One fresh EZTV swarm having total peer count around 4000 was crawled in a straightforward manner: the bot bootstrapped with some peers, did a BitTorrent connection and waited for PEX messages. As a PEX message arrives, the bot attempt to connect to every mentioned peer. The process is recursive. In every experiment, the total number of known peers was close to the tracker's estimation of the swarm size.

The central point of the measurement was to measure the rate of obsolescence of PEXed data. The rate was high.

Three crawls were made in 2008: on 14 Oct 16:16 and 17:16 pm and on 15 Oct on 10:16 am.

time 14 Oct 16:16 14 Oct 17:16 15 Oct 10:16 16 Oct 14:00
peers known 4562 4183 3782 3024
peers connected 719 16% 470 11% 651 17% 743 25%
PEX sources 121 104 427* 514
  • Because of change in the code, the third run lasted longer, so more peers sent their PEX messages in.

On the rate of obsolescence.

  • Intersection between 1st run and 2rd run connected peers (719, 470 resp) is still 73 peers
  • Intersection between 1st run and 3rd run connected (719, 651 peers resp) is 15 peers!
  • Intersection between 2nd run and 3rd run connected (479, 651 peers resp) is 10 peers!
  • All three lists of connected peers intersect by just 3 items!

So, old PEX data is mostly garbage. And even with the freshest data, we may shortcut a triangle in about 15% of the cases (i.e. connect to a peer who is connected to somebody we are connected to). Lists of known peers of the 1st and 2nd runs intersect by about a half. Between 1 and 3 runs, 334 known peers are common; between 1st and 4th runs, 168 known peers are common. So, peer rotation rate is high. Everything is very fluid and volatile here.

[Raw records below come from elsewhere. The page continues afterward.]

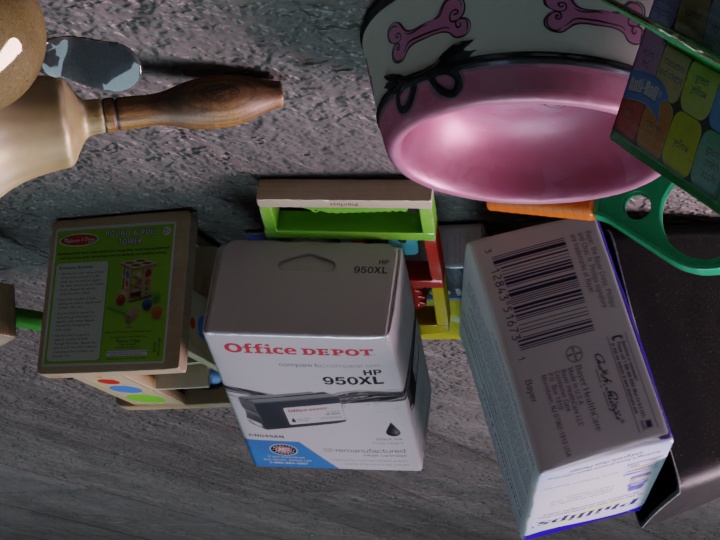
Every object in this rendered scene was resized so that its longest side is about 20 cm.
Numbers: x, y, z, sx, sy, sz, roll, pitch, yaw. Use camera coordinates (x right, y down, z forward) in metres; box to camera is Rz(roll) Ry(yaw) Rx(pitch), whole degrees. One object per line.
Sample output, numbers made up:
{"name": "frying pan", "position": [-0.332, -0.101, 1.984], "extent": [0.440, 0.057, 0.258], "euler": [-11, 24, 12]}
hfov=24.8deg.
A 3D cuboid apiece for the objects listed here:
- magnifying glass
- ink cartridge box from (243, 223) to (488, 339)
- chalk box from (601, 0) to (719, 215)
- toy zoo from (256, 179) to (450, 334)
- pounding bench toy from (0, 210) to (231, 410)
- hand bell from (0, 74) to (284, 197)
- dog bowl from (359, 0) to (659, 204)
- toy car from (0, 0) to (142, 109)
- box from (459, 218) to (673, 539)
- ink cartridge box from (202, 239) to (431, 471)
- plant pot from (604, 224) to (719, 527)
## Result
{"name": "magnifying glass", "position": [0.182, -0.043, 1.119], "extent": [0.198, 0.081, 0.022], "euler": [7, 170, 21]}
{"name": "ink cartridge box", "position": [0.024, 0.014, 1.365], "extent": [0.197, 0.048, 0.198], "euler": [-4, 162, 14]}
{"name": "chalk box", "position": [0.206, -0.091, 0.774], "extent": [0.198, 0.125, 0.125], "euler": [8, -160, -21]}
{"name": "toy zoo", "position": [0.000, 0.000, 1.251], "extent": [0.129, 0.021, 0.201], "euler": [1, 145, 10]}
{"name": "pounding bench toy", "position": [-0.197, 0.041, 1.343], "extent": [0.198, 0.126, 0.156], "euler": [-4, 163, 20]}
{"name": "hand bell", "position": [-0.145, -0.095, 0.995], "extent": [0.197, 0.105, 0.104], "euler": [-8, 164, -6]}
{"name": "dog bowl", "position": [0.097, -0.098, 0.929], "extent": [0.197, 0.075, 0.200], "euler": [3, 164, 1]}
{"name": "toy car", "position": [-0.217, -0.106, 0.851], "extent": [0.198, 0.159, 0.165], "euler": [-14, 145, -4]}
{"name": "box", "position": [0.150, 0.086, 1.248], "extent": [0.104, 0.186, 0.200], "euler": [-14, 158, -4]}
{"name": "ink cartridge box", "position": [-0.029, 0.070, 1.263], "extent": [0.143, 0.085, 0.201], "euler": [0, 144, 11]}
{"name": "plant pot", "position": [0.289, 0.072, 1.281], "extent": [0.175, 0.202, 0.200], "euler": [-12, 164, -4]}

Obvious reasons for peer unconnectability:

  • NAT/firewall, one-way connectivity
  • peers are normally overloaded, as the maximum number of connections is reached, new incoming connections are dropped (busy)
  • peer pipes are saturated => probability of packet loss
  • stale data - peer was online, not anymore

UPDATE 16 Oct On the next day, 16 oct, connection success rate is 25% using the same version of software. it really depends on the wind! (swarm lifecycle stage?)

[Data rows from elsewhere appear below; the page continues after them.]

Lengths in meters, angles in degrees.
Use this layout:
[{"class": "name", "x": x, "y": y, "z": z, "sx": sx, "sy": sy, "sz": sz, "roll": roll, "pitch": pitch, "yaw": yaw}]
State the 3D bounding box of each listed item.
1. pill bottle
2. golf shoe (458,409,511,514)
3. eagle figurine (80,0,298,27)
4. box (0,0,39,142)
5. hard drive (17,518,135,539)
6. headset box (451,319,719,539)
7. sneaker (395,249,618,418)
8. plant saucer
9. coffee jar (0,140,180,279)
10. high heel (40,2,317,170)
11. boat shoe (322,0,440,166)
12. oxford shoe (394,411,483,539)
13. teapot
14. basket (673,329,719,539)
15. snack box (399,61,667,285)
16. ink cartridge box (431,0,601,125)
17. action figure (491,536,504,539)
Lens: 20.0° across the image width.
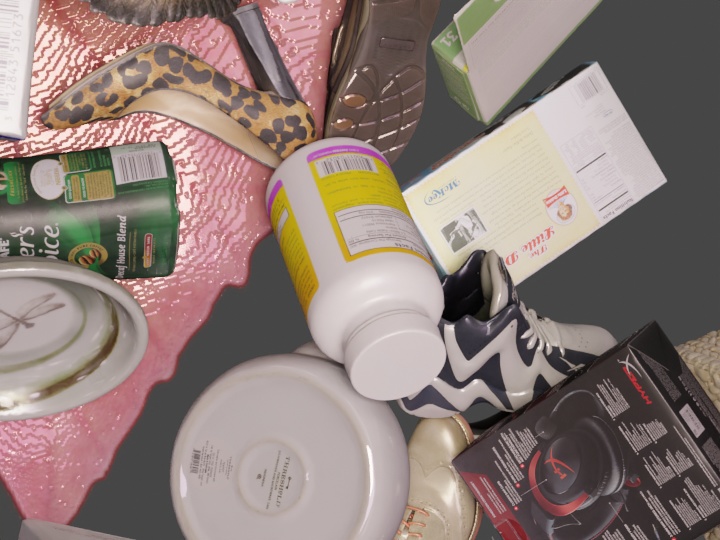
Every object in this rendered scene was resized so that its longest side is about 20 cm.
[{"class": "pill bottle", "x": 0.000, "y": 0.000, "z": 1.525, "sx": 0.104, "sy": 0.201, "sz": 0.105, "roll": -11, "pitch": 137, "yaw": -11}, {"class": "golf shoe", "x": 0.161, "y": 0.129, "z": 1.640, "sx": 0.199, "sy": 0.073, "sz": 0.093, "roll": -15, "pitch": 94, "yaw": -11}, {"class": "eagle figurine", "x": -0.131, "y": -0.254, "z": 1.502, "sx": 0.151, "sy": 0.200, "sz": 0.152, "roll": -34, "pitch": 73, "yaw": 19}, {"class": "box", "x": -0.284, "y": -0.189, "z": 1.455, "sx": 0.104, "sy": 0.200, "sz": 0.185, "roll": 6, "pitch": 91, "yaw": -12}, {"class": "hard drive", "x": -0.179, "y": 0.214, "z": 1.499, "sx": 0.131, "sy": 0.200, "sz": 0.027, "roll": 14, "pitch": 84, "yaw": -13}, {"class": "headset box", "x": 0.177, "y": 0.156, "z": 1.537, "sx": 0.200, "sy": 0.075, "sz": 0.149, "roll": -37, "pitch": 87, "yaw": 28}, {"class": "sneaker", "x": 0.124, "y": 0.041, "z": 1.589, "sx": 0.198, "sy": 0.080, "sz": 0.130, "roll": -1, "pitch": 132, "yaw": -17}, {"class": "plant saucer", "x": -0.258, "y": 0.040, "z": 1.505, "sx": 0.199, "sy": 0.201, "sz": 0.050, "roll": -4, "pitch": 55, "yaw": -13}, {"class": "coffee jar", "x": -0.237, "y": -0.038, "z": 1.522, "sx": 0.199, "sy": 0.105, "sz": 0.086, "roll": -5, "pitch": 54, "yaw": -12}, {"class": "high heel", "x": -0.132, "y": -0.106, "z": 1.558, "sx": 0.199, "sy": 0.071, "sz": 0.143, "roll": -25, "pitch": 92, "yaw": -19}, {"class": "boat shoe", "x": 0.013, "y": -0.164, "z": 1.593, "sx": 0.074, "sy": 0.073, "sz": 0.201, "roll": 11, "pitch": 111, "yaw": -21}, {"class": "oxford shoe", "x": 0.048, "y": 0.207, "z": 1.587, "sx": 0.070, "sy": 0.074, "sz": 0.201, "roll": 7, "pitch": 91, "yaw": 26}, {"class": "teapot", "x": -0.042, "y": 0.161, "z": 1.565, "sx": 0.200, "sy": 0.146, "sz": 0.198, "roll": -38, "pitch": 75, "yaw": 13}, {"class": "basket", "x": 0.355, "y": 0.134, "z": 1.626, "sx": 0.160, "sy": 0.200, "sz": 0.199, "roll": -16, "pitch": 96, "yaw": -6}, {"class": "snack box", "x": 0.135, "y": -0.066, "z": 1.642, "sx": 0.199, "sy": 0.037, "sz": 0.117, "roll": -34, "pitch": 100, "yaw": -9}, {"class": "ink cartridge box", "x": 0.117, "y": -0.210, "z": 1.552, "sx": 0.048, "sy": 0.200, "sz": 0.146, "roll": 41, "pitch": 83, "yaw": 22}, {"class": "action figure", "x": 0.134, "y": 0.306, "z": 1.649, "sx": 0.129, "sy": 0.069, "sz": 0.201, "roll": -11, "pitch": 91, "yaw": -5}]

Private tracker experiments

Is it possible?

Multiswarmness experiments

  • What is the average peer swarmness?
  • Is the interswarm graph more stable than peer graph?
  • [TorrentSmell] feasibility
  • bandwidth data for Maciek
  • piece subset correlations
  • revisit [BitBanking] feasibility

10% connected => know arrivals, departures of virtually any peer on the swarm, but will not know the connection topology. Full tomography => connect all non-NATed and listen for NATed => will know the connection topology to a large degree.